Están destinados a nosotros; no pueden estar destinados a ningún otro. Son enviados
para atar y remachar sobre nosotros esas cadenas que el ministerio británico ha estado
forjando durante tanto tiempo.

¿Y qué tenemos que oponernos a ellos? ¿Probamos el argumento? Señor, lo hemos


estado intentando durante los últimos diez años. Tenemos algo nuevo que ofrecer al
respecto? Nada. Hemos planteado el tema en todas las luces de las que es capaz; pero
todo ha sido en vano. ¿Recurriremos a la súplica y la súplica humilde? ¿Qué términos
encontraremos que no se hayan agotado ya? No nos engañemos, les suplico. Señor,
hemos hecho todo lo posible para evitar la tormenta que se avecina. Hemos solicitado;
hemos protestado; hemos suplicado; nos hemos postrado ante el trono y hemos
implorado su interposición para detener las manos tiránicas del ministerio y del
Parlamento. Nuestras peticiones han sido desatendidas; nuestras protestas han producido
más violencia e insultos; nuestras súplicas han sido ignoradas; y hemos sido rechazados
con desprecio desde el pie del trono. En vano, después de estas cosas, podemos
permitirnos la entrañable esperanza de paz y reconciliación.
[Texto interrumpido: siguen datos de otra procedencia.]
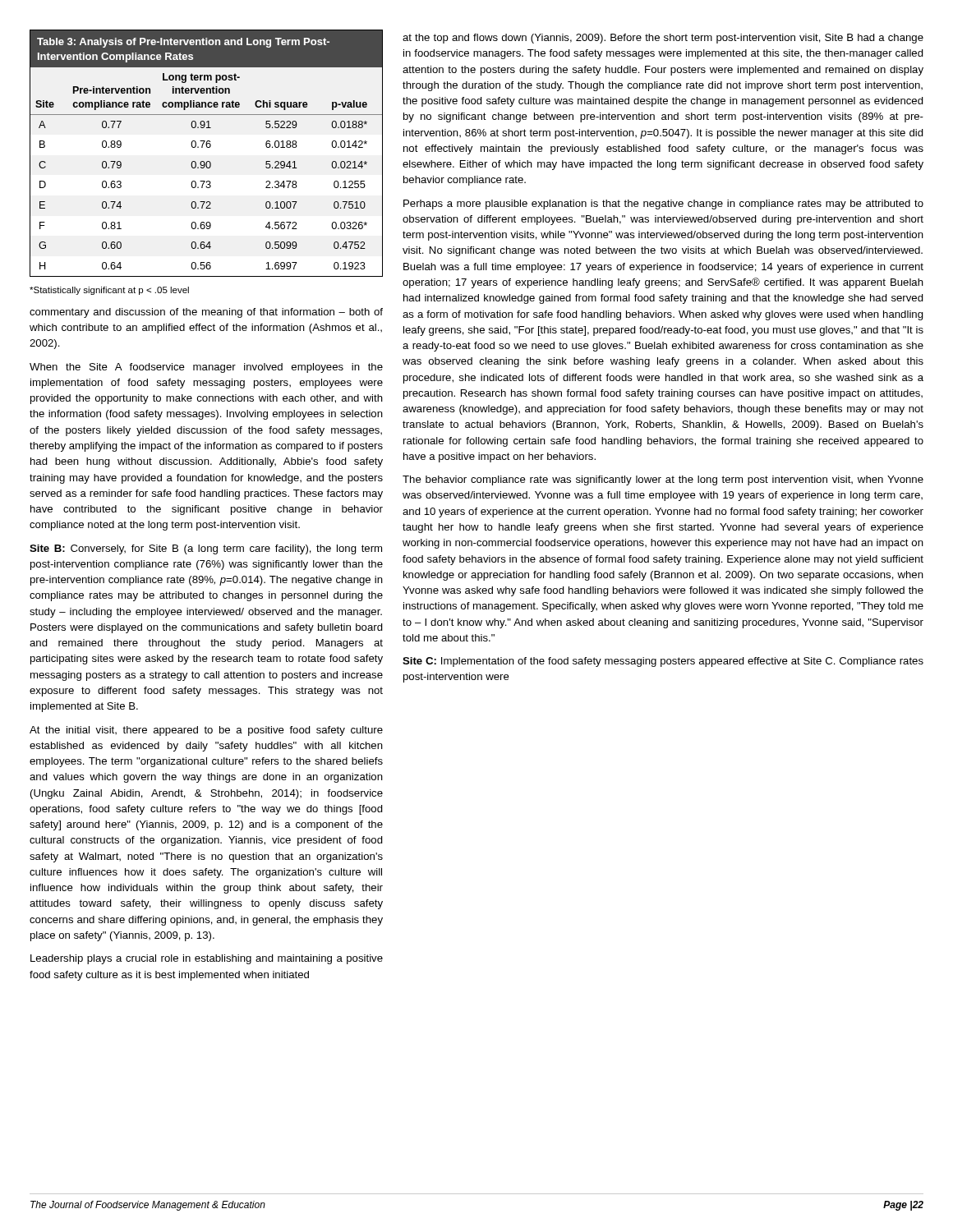The width and height of the screenshot is (953, 1232).
Task: Click on the region starting "Leadership plays a crucial role in establishing and"
Action: [x=206, y=966]
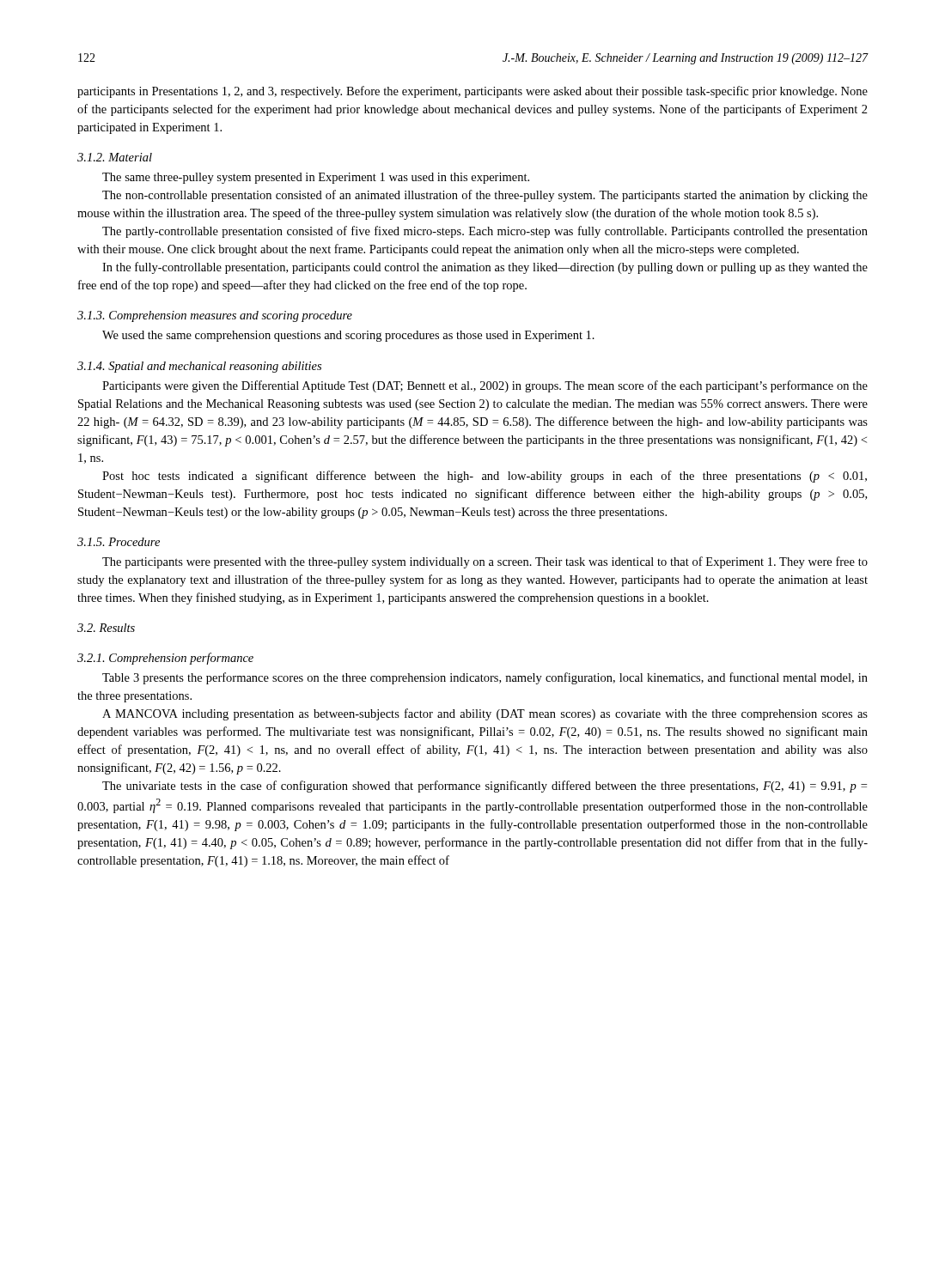Navigate to the block starting "3.1.5. Procedure"

(119, 542)
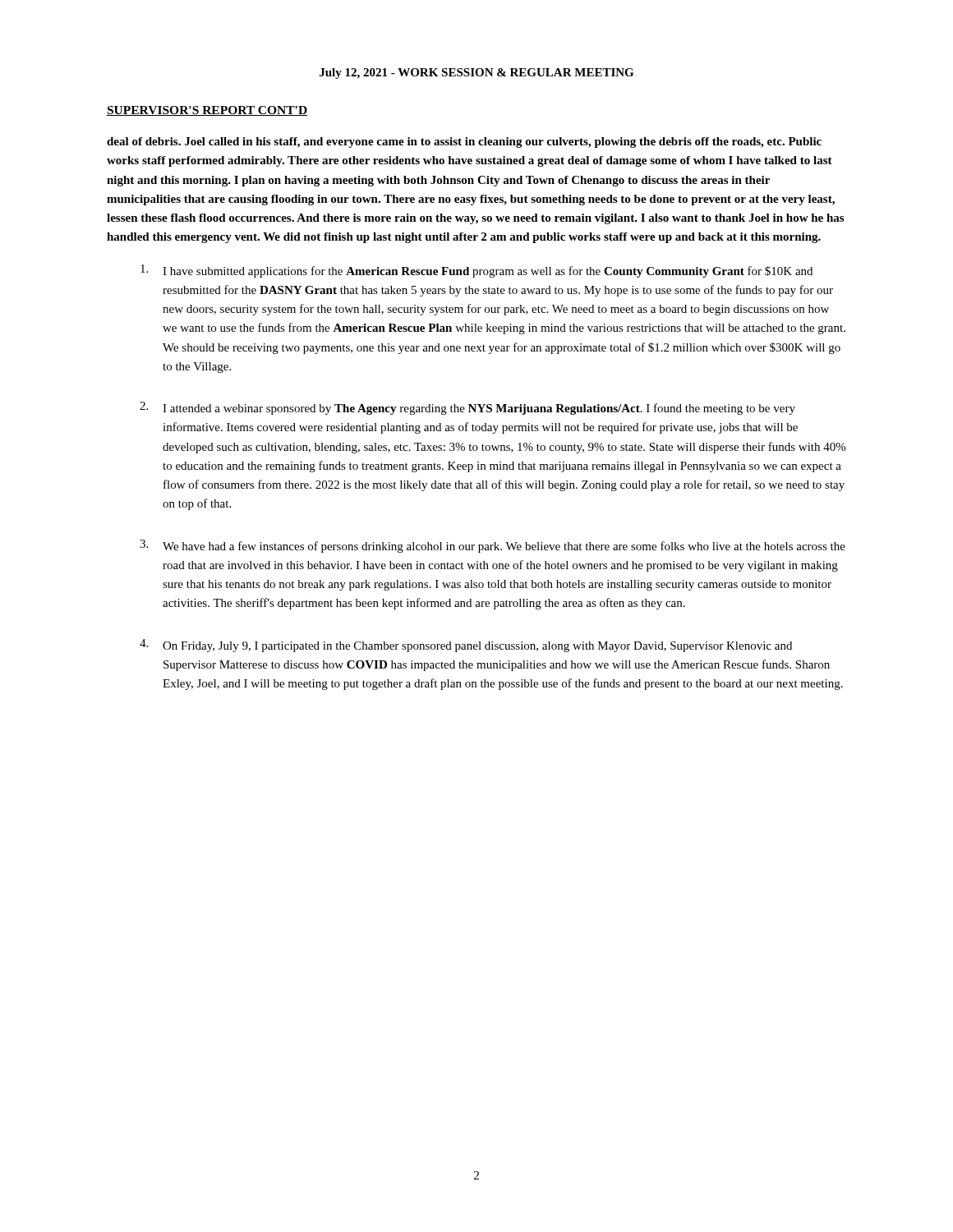Screen dimensions: 1232x953
Task: Locate the block of text that opens with "We have had a few instances of"
Action: [504, 574]
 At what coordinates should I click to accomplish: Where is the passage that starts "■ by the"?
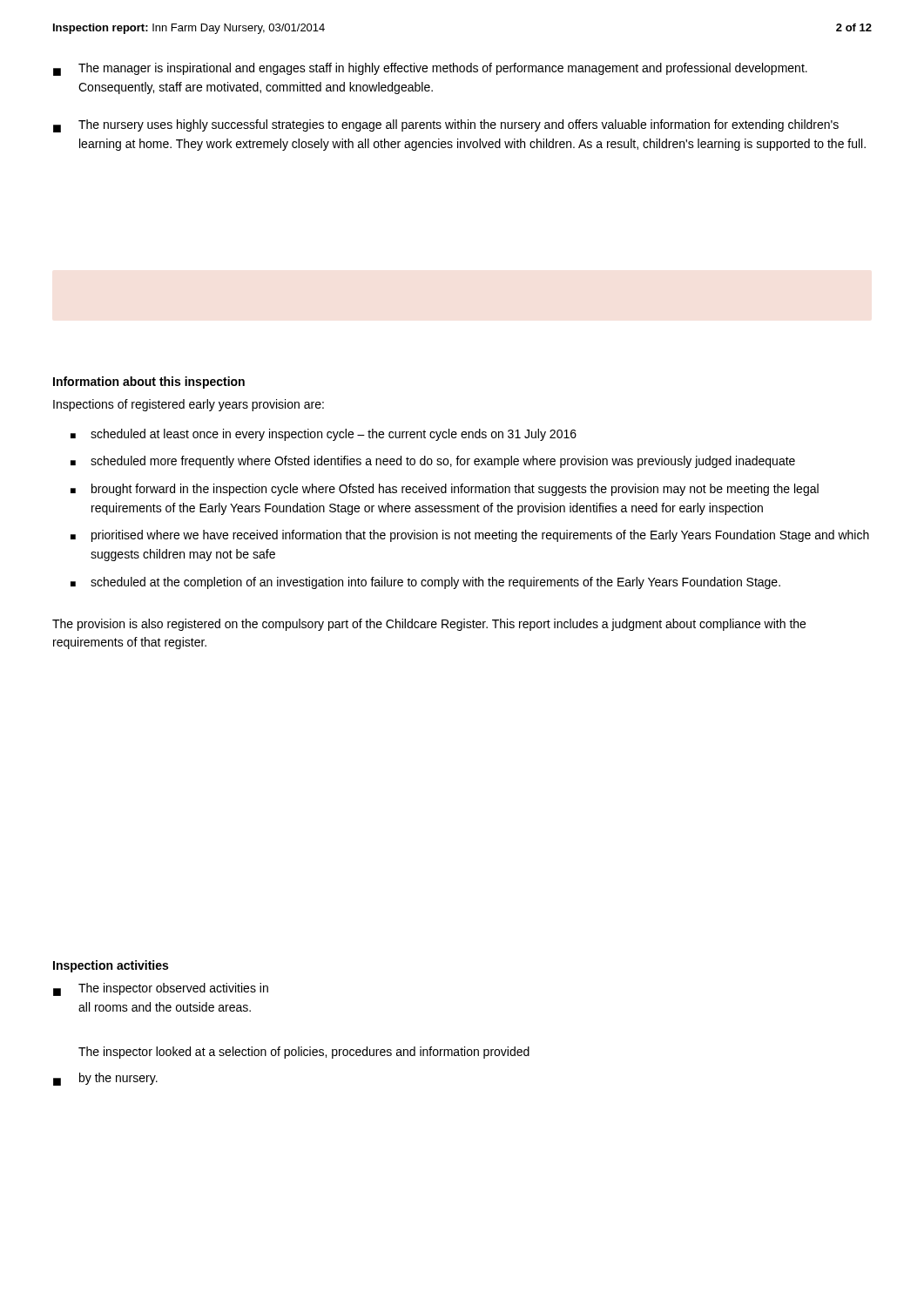click(105, 1082)

Ya no hay lugar para la esperanza. Si queremos ser libres, si pretendemos preservar


inviolables esos privilegios inestimables por los que hemos estado luchando durante
tanto tiempo, si no pretendemos con rudeza abandonar la noble lucha en la que nos
hemos comprometido durante tanto tiempo y que nos hemos comprometido. para nunca
abandonar hasta que se obtenga el glorioso objeto de nuestra contienda, ¡debemos
luchar! ¡Lo repito, señor, debemos pelear! ¡Un llamamiento a las armas y al Dios de los
ejércitos es todo lo que nos queda!

Nos dicen que somos débiles, incapaces de hacer frente a un adversario tan formidable.
¿Pero cuándo seremos más fuertes? ¿Será la próxima semana o el próximo año? ¿Será
cuando estemos totalmente desarmados y cuando haya una guardia británica estacionada
en cada casa? ¿Conseguiremos fuerzas mediante la indecisión y la inacción?
¿Adquiriremos los medios de una resistencia eficaz, tumbándonos boca arriba y
abrazándonos al engañoso fantasma de la esperanza, hasta que nuestros enemigos nos
sujeten de pies y manos?

Señor, no somos débiles si hacemos un uso adecuado de los medios que el Dios de la
naturaleza ha puesto en nuestro poder. Tres millones de personas, armadas por la santa
causa de la libertad, y en un país como el que poseemos, son invencibles por cualquier
fuerza que nuestro enemigo pueda enviar contra nosotros. Además, no libraremos
nuestras batallas solos. Hay un Dios justo que preside los destinos de las naciones y que
levantará amigos para pelear nuestras batallas por nosotros. La batalla no es solo para
los fuertes; es para los vigilantes, los activos, los valientes ... ¡No hay retirada sino en la
sumisión y la esclavitud! ¡Nuestras cadenas están forjadas! ¡Su ruido metálico se puede
escuchar en las llanuras de Boston! ¡La guerra es inevitable y que venga! ¡Lo repito
señor, déjelo venir!

Es en vano, señor, atenuar el asunto. Los caballeros pueden gritar: paz, paz, pero no hay
paz. ¡La guerra realmente ha comenzado! ¡El próximo vendaval que azota desde el norte
traerá a nuestros oídos el choque de brazos resonantes! ¡Nuestros hermanos ya están en
el campo! ¿Por qué estamos aquí de brazos cruzados? ¿Qué es lo que desean los
caballeros? ¿Qué tendrían ellos? ¿Es la vida tan cara, o la paz tan dulce, como para
comprarla al precio de cadenas y esclavitud? ¡Prohibido, Dios Todopoderoso! No sé qué
curso pueden tomar otros; pero en cuanto a mí, ¡dame la libertad o dame la muerte!